To understand the technical nuances behind this controversial ad campaign, we reached out to Atharva Peshkar and Atharva Khedkar, founders of Nagpur based Detectd, a deepfake finding startup. The duo, while describing the process of synthetic media creation, also explained to us how this particular ad campaign might have developed.
According to them, deep learning algorithms can be used to manipulate or even generate media. In general synthetic media or deepfakes, are created using a special class of Deep Neural Networks called Generative Adversarial Networks (GANs).
These GANs are made up of two networks: a G(x) : Generator network and a D(x) : Discriminator network.
They both engage in a two player adversarial (zero-sum) game- one’s win is another’s loss. The ideal state that the generator and the discriminator networks achieve is Nash equilibrium i.e. generated samples by the generator are so realistic that the discriminator can judge with 50% correctness.
During the training process, the generator attempts to fool the discriminator by generating data that seems realistic and is identical to the training set. Whereas the discriminator seeks to avoid being fooled by trying to learn a sharp classification boundary between the fake (generated by the generator) and real data.
Thus generator model learns how to make realistic images by generating images from random noise. Random noise is sampled using a uniform or normal distribution before being fed into a generator that creates an image. The discriminator learns how to distinguish fake images from real photos by feeding on the generator output, which includes fake images and actual images from the training dataset.
Coming to facial manipulation, it is most commonly done with synthetic videos and can be classified into the following categories:
An example of this would be “Wav2Lip: Accurately Lip-sync Videos to Any Speech” research by IIIT Hyderabad. This is the same category where the synthetic video by Cadbury featuring Shah Rukh Khan comes into play.

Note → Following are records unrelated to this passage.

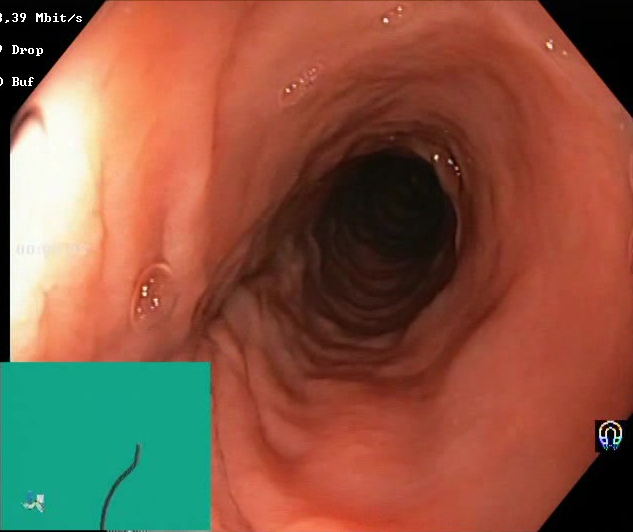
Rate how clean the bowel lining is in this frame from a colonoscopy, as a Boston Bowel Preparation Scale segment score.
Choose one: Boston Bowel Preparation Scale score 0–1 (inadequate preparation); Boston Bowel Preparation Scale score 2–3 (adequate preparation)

Boston Bowel Preparation Scale score 2–3 (adequate preparation)
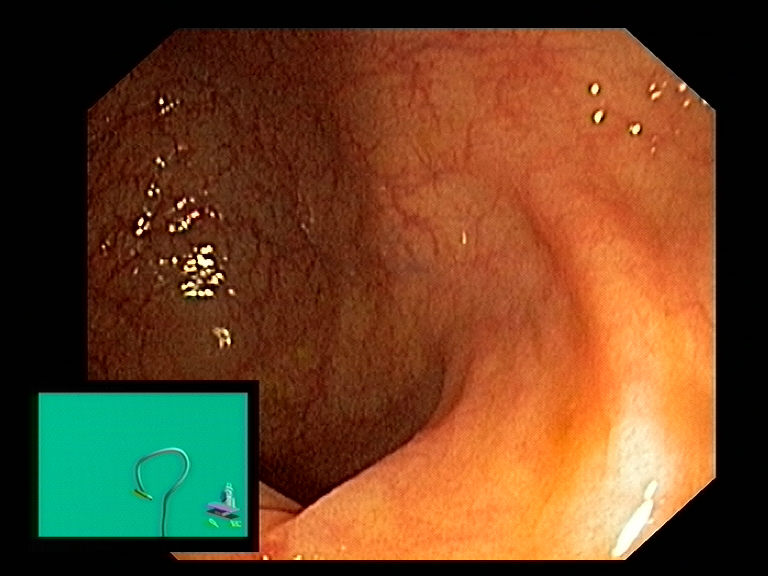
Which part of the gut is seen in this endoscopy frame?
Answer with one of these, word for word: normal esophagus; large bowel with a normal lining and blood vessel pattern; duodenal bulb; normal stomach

large bowel with a normal lining and blood vessel pattern
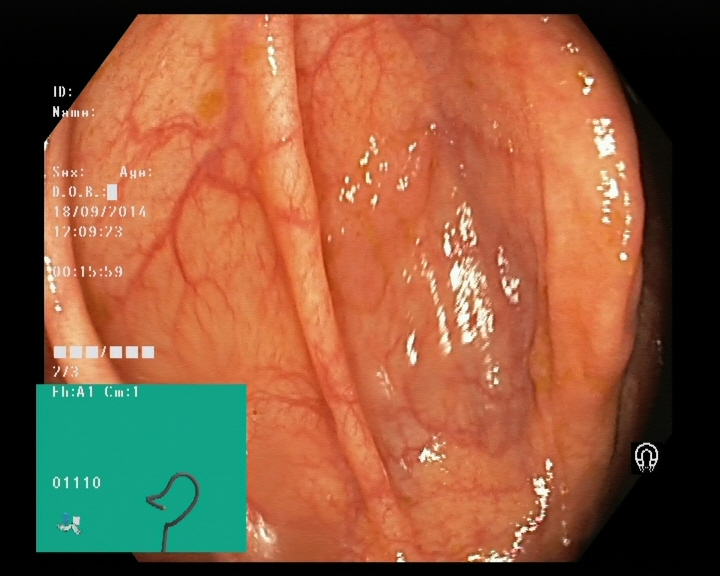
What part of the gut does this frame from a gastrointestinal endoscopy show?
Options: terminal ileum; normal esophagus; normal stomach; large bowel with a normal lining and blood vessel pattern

large bowel with a normal lining and blood vessel pattern
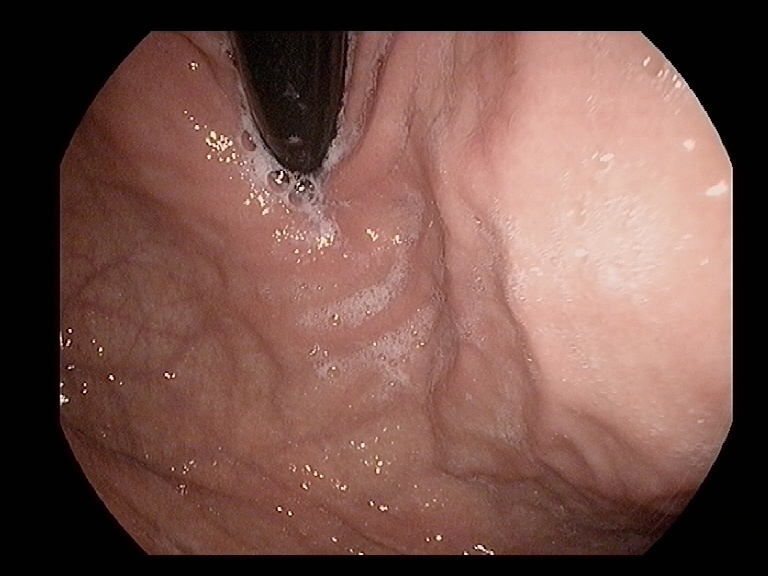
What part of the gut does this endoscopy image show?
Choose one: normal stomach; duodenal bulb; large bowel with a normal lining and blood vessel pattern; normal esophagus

normal stomach
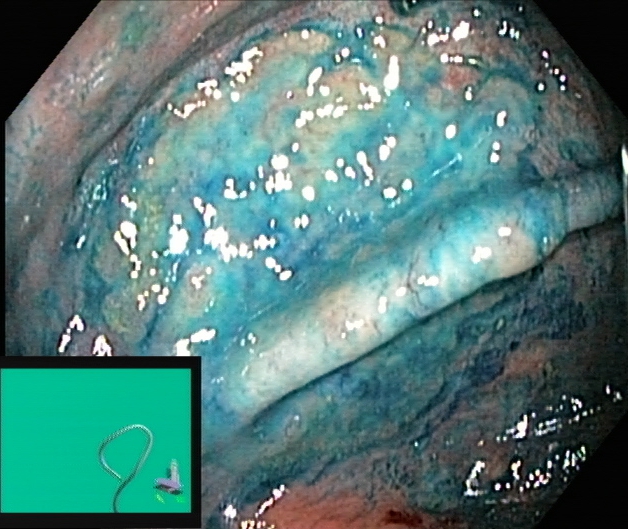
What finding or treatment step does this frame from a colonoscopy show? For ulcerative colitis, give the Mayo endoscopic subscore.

dyed and lifted polyp (pre-resection)
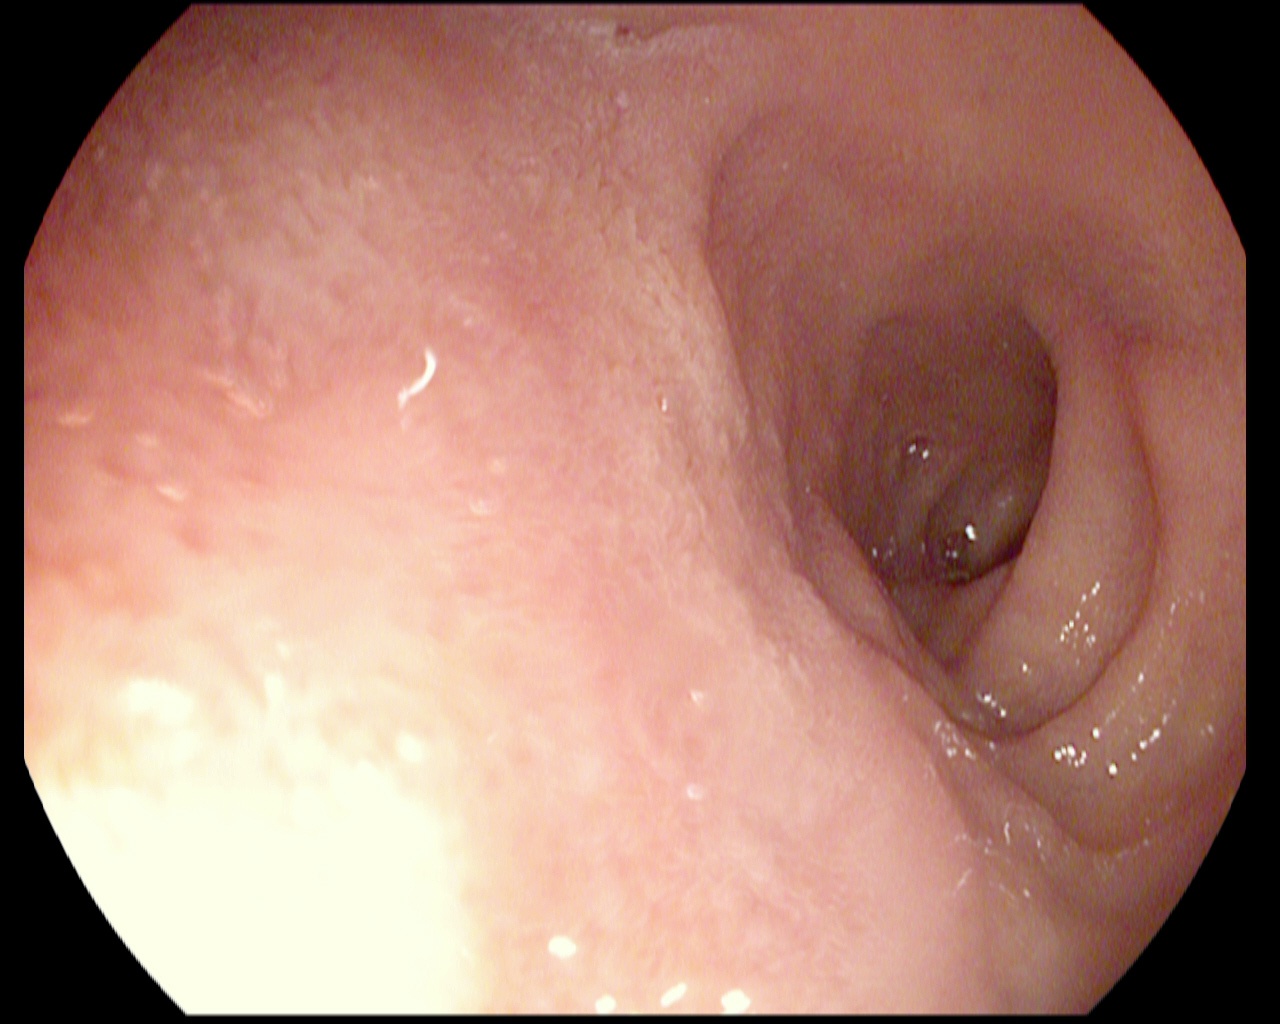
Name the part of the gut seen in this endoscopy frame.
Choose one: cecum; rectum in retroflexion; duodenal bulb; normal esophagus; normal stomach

duodenal bulb
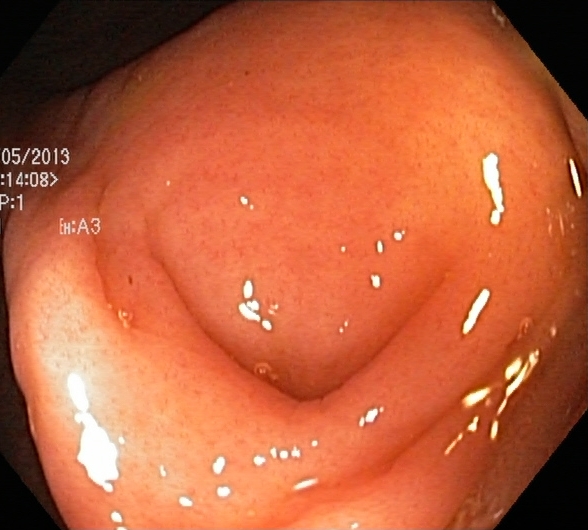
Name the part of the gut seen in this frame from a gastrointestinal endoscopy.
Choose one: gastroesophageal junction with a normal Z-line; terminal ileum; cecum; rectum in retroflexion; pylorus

cecum
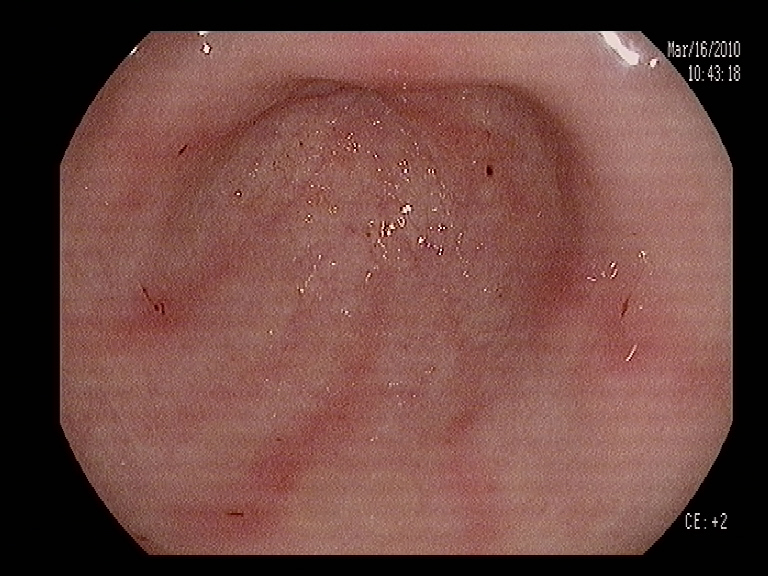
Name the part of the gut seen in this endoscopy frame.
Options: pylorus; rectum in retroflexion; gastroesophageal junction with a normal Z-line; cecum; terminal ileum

pylorus
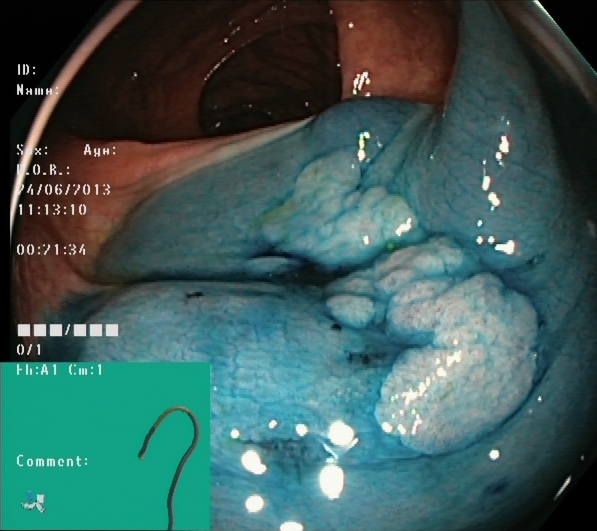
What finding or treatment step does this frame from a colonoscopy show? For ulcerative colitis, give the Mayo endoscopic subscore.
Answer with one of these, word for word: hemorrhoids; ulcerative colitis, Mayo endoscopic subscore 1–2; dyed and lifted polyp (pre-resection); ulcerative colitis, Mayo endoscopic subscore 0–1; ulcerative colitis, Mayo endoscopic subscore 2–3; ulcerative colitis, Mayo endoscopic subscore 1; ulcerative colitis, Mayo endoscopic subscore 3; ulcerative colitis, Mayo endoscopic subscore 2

dyed and lifted polyp (pre-resection)
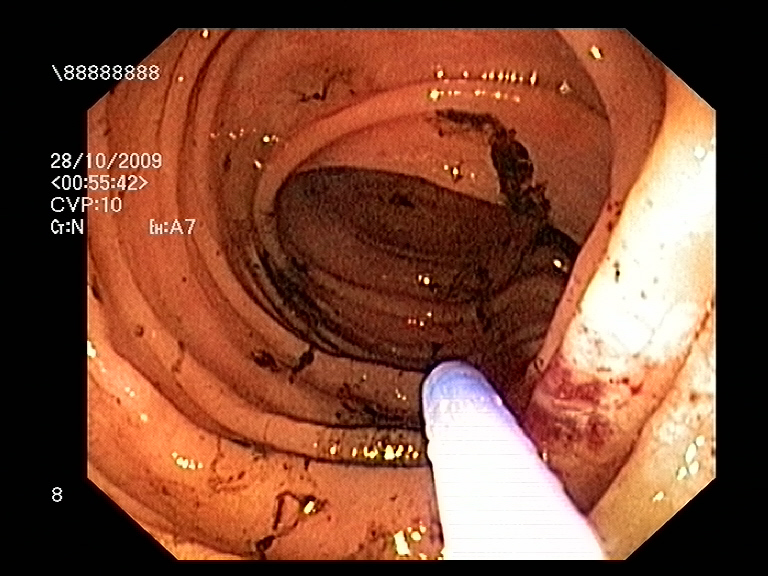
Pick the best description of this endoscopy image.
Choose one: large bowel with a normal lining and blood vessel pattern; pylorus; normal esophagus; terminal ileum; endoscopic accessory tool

endoscopic accessory tool
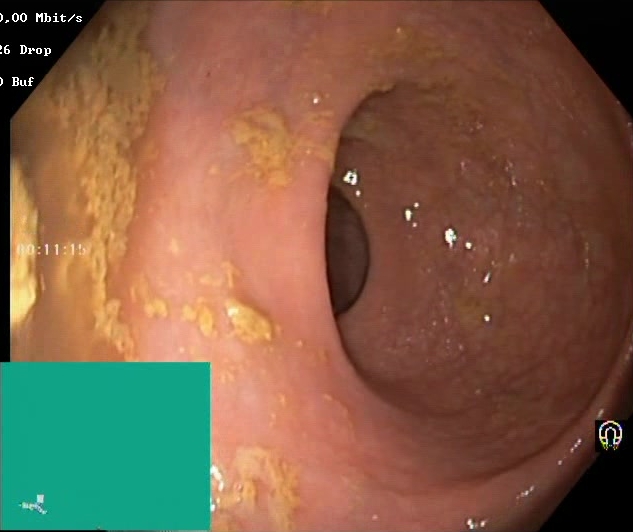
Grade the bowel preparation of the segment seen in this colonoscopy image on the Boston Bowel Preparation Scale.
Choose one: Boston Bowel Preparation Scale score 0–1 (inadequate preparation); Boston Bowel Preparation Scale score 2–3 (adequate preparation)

Boston Bowel Preparation Scale score 0–1 (inadequate preparation)
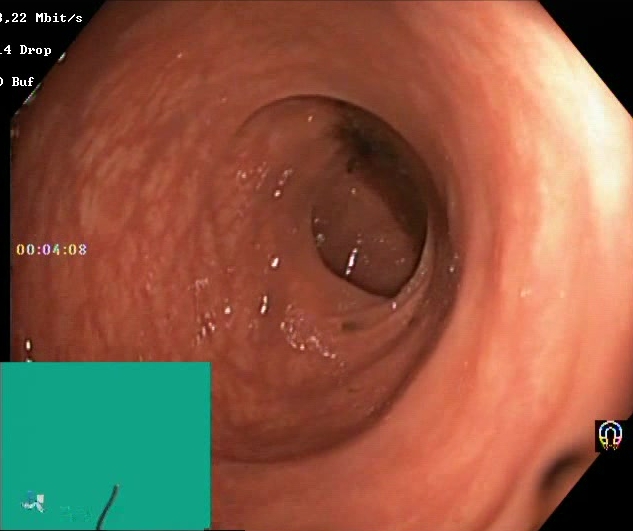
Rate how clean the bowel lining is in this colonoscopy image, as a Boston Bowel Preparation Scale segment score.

Boston Bowel Preparation Scale score 0–1 (inadequate preparation)
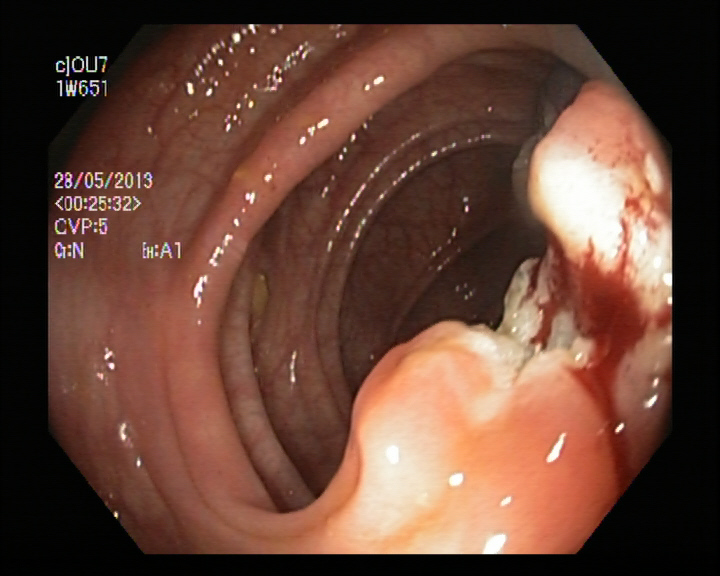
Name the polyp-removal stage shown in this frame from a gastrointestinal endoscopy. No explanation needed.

undyed resection margin (post-polypectomy)
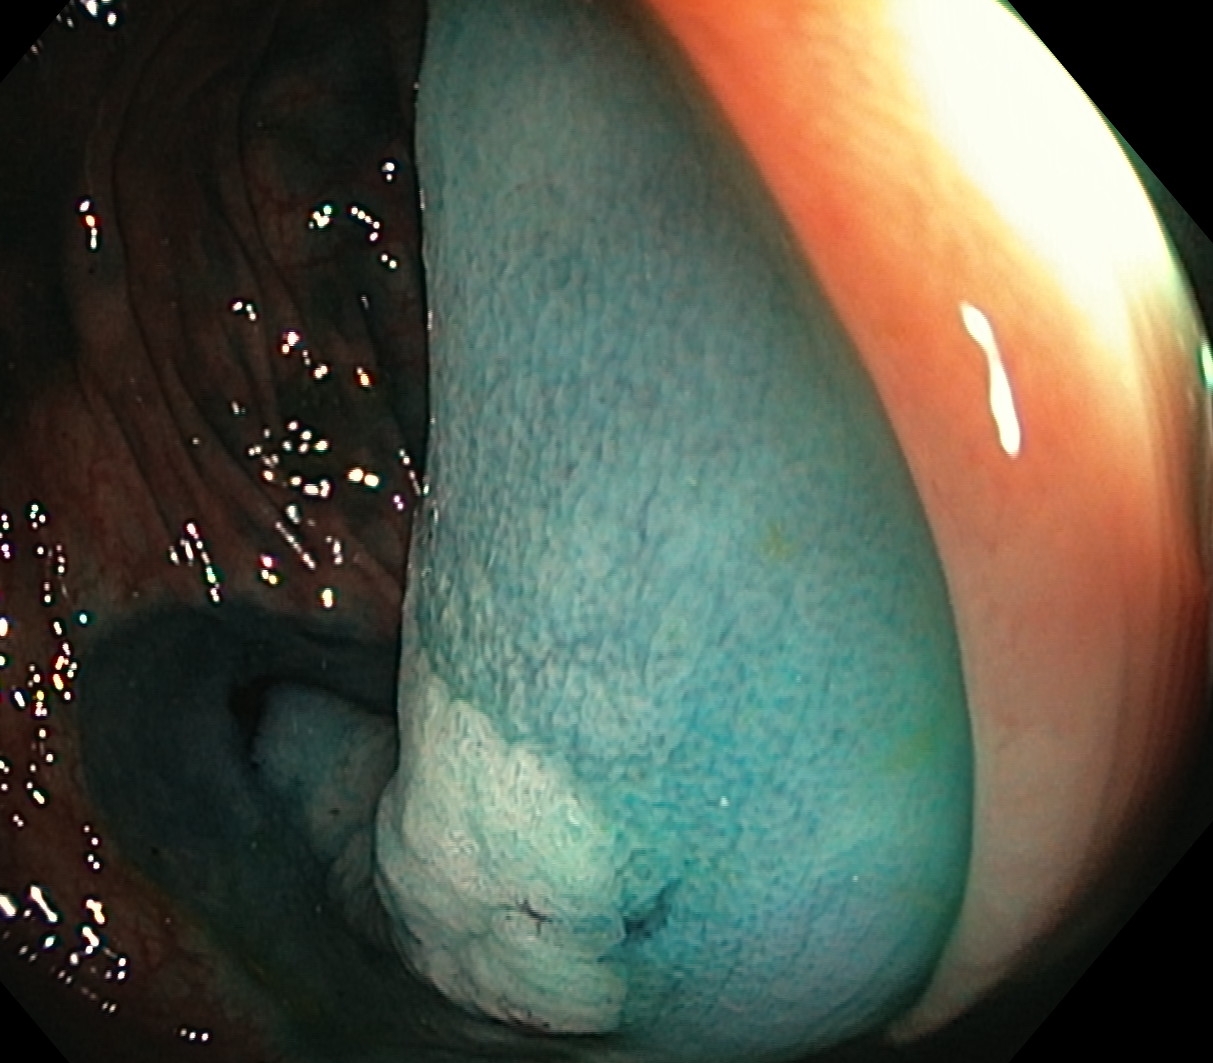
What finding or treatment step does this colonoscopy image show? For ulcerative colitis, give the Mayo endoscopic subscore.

dyed and lifted polyp (pre-resection)

Retailers could upload their details (like the business name) to a platform. Then a GAN model for deepfake speech synthesis, like WaveNet(a vocoder developed by DeepMind in 2016), or Tacotron (a text-to-speech algorithm created by Google in 2017) might have been used to generate the appropriate audio clip for every retailer in SRK’s voice. This voice was then ultimately lip-synced with the video to make the final clip for the ad.
However, for creating such an ad campaign certainly has numerous challenges to overcome.
“This campaign was the most stringent test of our AI yet, in multiple ways. The tech tends to be very sensitive to slight changes in position and lighting. Because we had to create avatars of Shah Rukh in 5 different positions, each of them in the middle of an extended act, such slight changes between the training data and the actual ad were inevitable. So we had to make the tech much more robust, which ultimately involved us writing whole new AI models from scratch," says Rephrase AI co-founder Nisheeth Lahoti.
“Also, store names are a mix of English and Hindi words, which posed a bit of a problem because until recently, our multilingual models were notably worse than our monolingual (particularly English-language) ones. We've closed this gap substantially in the last few months, and particularly rapidly in preparation for this campaign.”
"Finally, the state of voice cloning worldwide for such a multilingual setup leaves a lot to be desired. So, we'd started an in-house project to clone voices. But we expected it to take a few months to get to production-level quality, if it ever got there at all. Even in our wildest dreams we couldn't have imagined that we'd end up deploying and using it less than a month after starting the project," he added.
It is an undeniable fact that the ethical and legal concerns regarding the usage of synthetic media, deepfakes and digital avatars, must face public discourse, as its ability to be misused is widely documented. Nevertheless, one has to accept the reality, that we have entered into a new era of AI-driven advertisements.